■ **What the exercise asks**
Comb the records below for the string "very" and copy each line where it turns up.

(Dataset entries)

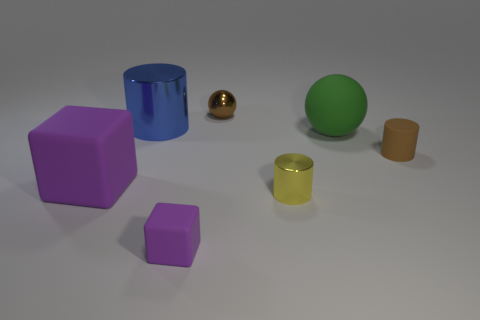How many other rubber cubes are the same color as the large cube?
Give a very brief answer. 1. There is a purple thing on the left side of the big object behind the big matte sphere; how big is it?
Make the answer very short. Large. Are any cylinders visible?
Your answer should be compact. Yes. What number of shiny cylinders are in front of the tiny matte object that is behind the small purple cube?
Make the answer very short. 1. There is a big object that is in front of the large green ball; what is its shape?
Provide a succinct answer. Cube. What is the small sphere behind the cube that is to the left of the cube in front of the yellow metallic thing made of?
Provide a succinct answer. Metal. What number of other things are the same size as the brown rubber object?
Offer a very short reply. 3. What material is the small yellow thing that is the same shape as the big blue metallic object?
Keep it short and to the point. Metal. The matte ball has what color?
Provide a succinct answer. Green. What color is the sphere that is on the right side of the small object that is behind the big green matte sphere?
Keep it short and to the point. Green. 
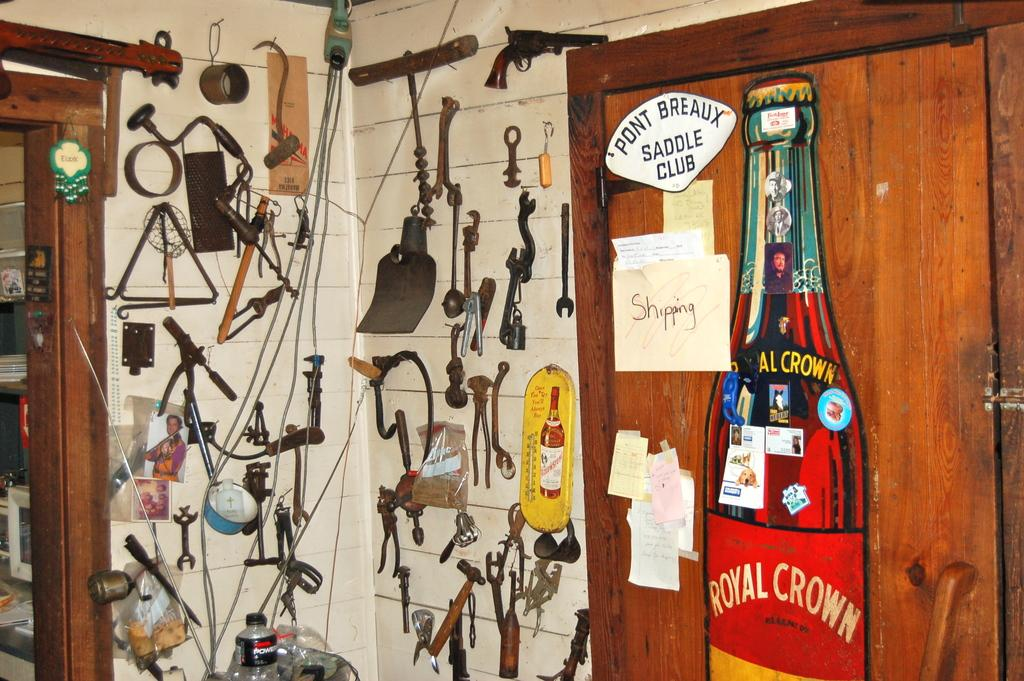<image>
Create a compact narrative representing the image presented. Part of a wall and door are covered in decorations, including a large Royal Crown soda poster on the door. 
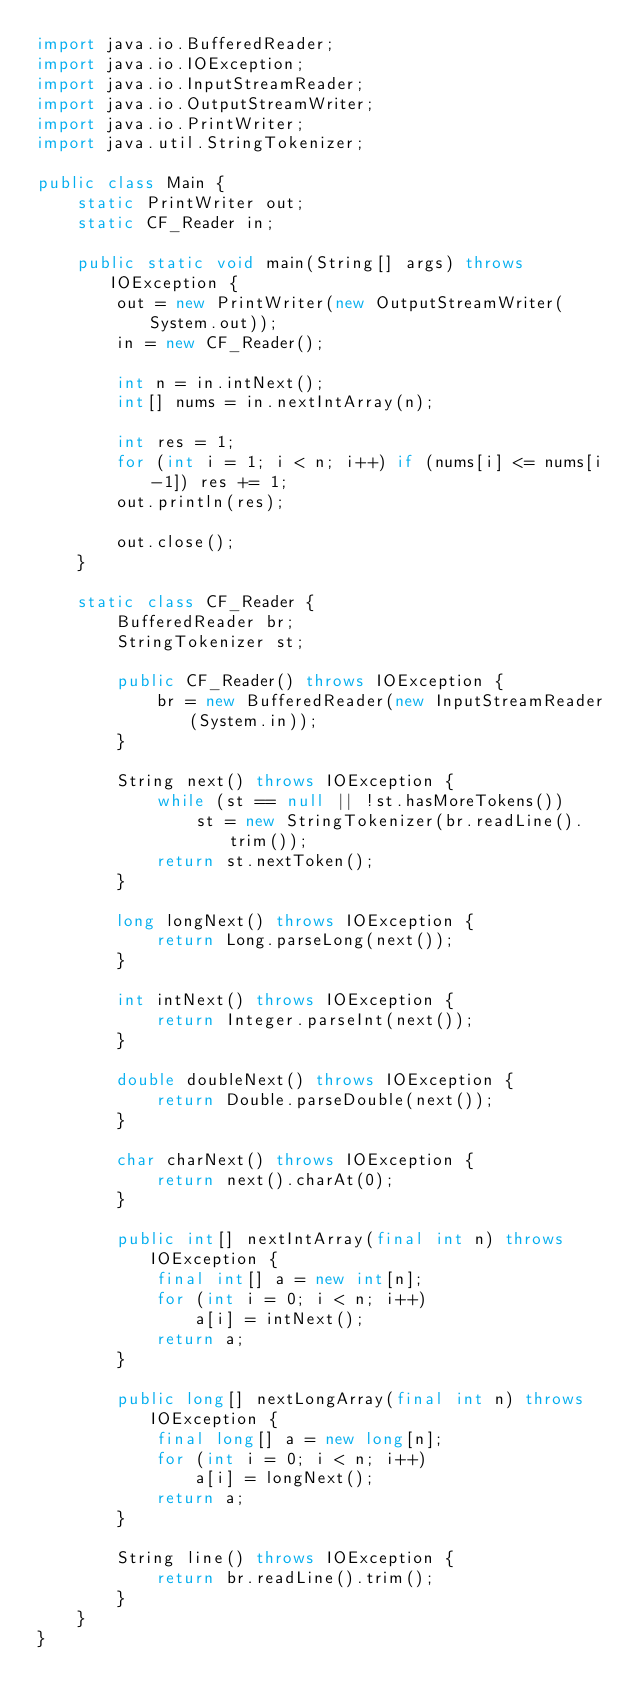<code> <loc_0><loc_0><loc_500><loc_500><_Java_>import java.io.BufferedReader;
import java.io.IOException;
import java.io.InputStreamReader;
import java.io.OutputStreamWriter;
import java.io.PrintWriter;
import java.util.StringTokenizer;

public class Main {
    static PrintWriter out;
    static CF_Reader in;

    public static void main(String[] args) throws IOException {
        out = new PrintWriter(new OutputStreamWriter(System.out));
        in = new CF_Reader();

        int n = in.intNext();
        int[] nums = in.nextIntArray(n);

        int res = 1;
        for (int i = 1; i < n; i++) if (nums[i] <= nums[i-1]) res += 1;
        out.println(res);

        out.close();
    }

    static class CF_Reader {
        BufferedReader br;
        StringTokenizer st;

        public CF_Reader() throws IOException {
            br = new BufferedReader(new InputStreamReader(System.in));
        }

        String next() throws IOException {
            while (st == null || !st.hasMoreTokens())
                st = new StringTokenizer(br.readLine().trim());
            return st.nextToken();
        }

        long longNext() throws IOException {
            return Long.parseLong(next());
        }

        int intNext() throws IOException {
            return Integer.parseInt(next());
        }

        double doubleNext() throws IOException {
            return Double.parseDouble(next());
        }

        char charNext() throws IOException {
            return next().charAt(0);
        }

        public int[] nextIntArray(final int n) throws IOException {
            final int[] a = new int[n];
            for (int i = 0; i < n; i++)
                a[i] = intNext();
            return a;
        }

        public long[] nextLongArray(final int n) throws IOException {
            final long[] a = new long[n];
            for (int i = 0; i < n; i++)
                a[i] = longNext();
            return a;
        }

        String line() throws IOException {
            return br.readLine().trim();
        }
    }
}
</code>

■ **Solution to the problem**
Give a very brief answer. 1. There is a purple thing on the left side of the big object behind the big matte sphere; how big is it?
Make the answer very short. Large. Are any cylinders visible?
Make the answer very short. 1. There is a big object that is in front of the large green ball; what is its shape?
Offer a very short reply. 3. What material is the small yellow thing that is the same shape as the big blue metallic object?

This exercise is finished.